* [What you should do] Scan the data below and copy each line where "London" occurs.

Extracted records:
= Beginning of Section =

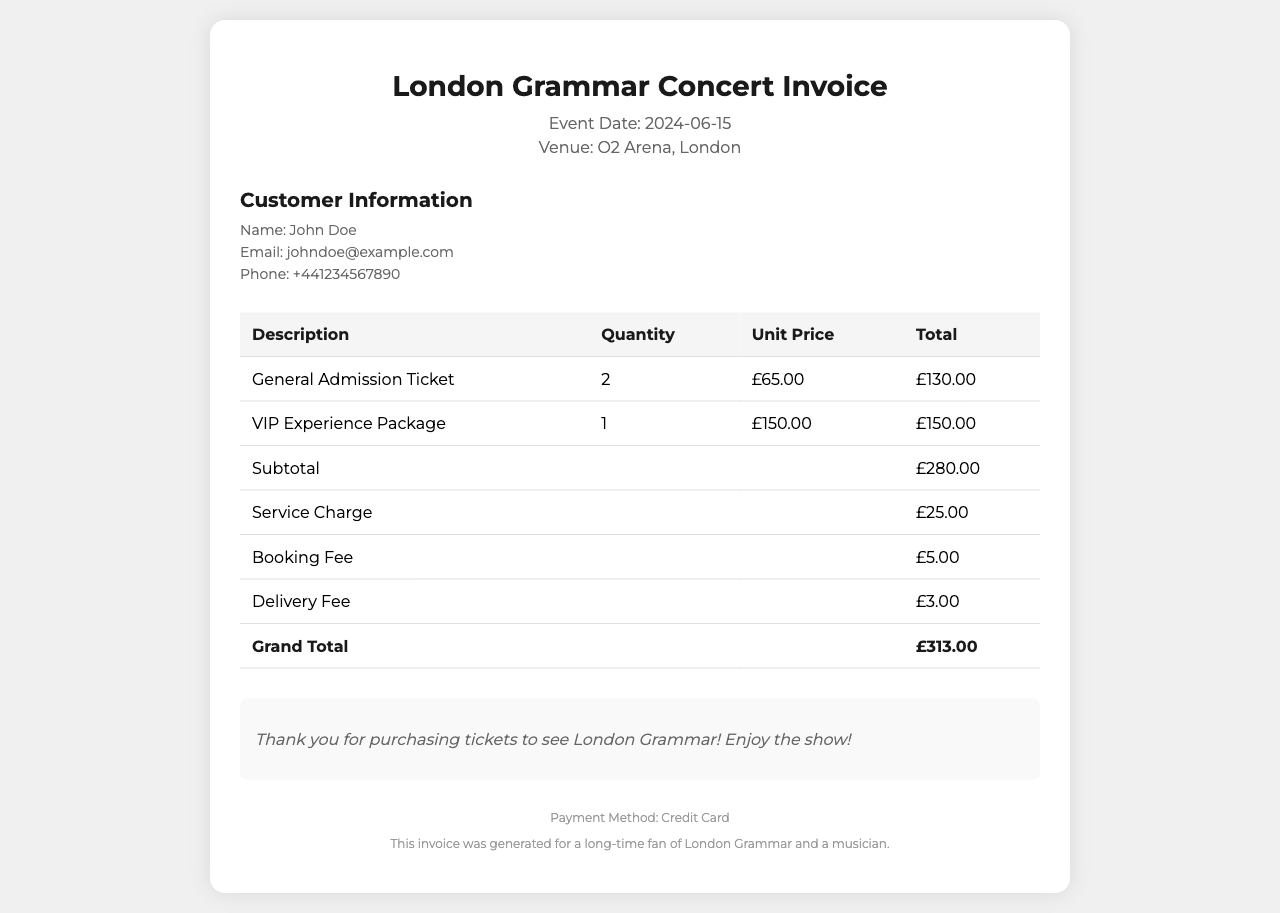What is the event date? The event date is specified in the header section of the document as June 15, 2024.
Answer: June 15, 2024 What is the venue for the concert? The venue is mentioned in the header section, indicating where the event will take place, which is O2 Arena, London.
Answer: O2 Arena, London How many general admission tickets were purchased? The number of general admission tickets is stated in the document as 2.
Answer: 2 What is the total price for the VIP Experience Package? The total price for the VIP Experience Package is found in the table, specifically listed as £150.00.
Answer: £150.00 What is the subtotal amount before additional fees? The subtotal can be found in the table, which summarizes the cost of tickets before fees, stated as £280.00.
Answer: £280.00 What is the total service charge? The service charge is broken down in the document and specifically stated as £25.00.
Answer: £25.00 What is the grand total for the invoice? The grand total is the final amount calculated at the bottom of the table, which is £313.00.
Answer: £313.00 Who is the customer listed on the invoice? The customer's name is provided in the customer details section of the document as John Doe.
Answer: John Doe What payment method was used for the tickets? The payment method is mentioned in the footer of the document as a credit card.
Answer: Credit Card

= End of Section =

* [Solution to this task]
Answer: June 15, 2024 What is the venue for the concert? The venue is mentioned in the header section, indicating where the event will take place, which is O2 Arena, London.
Answer: O2 Arena, London How many general admission tickets were purchased? The number of general admission tickets is stated in the document as 2.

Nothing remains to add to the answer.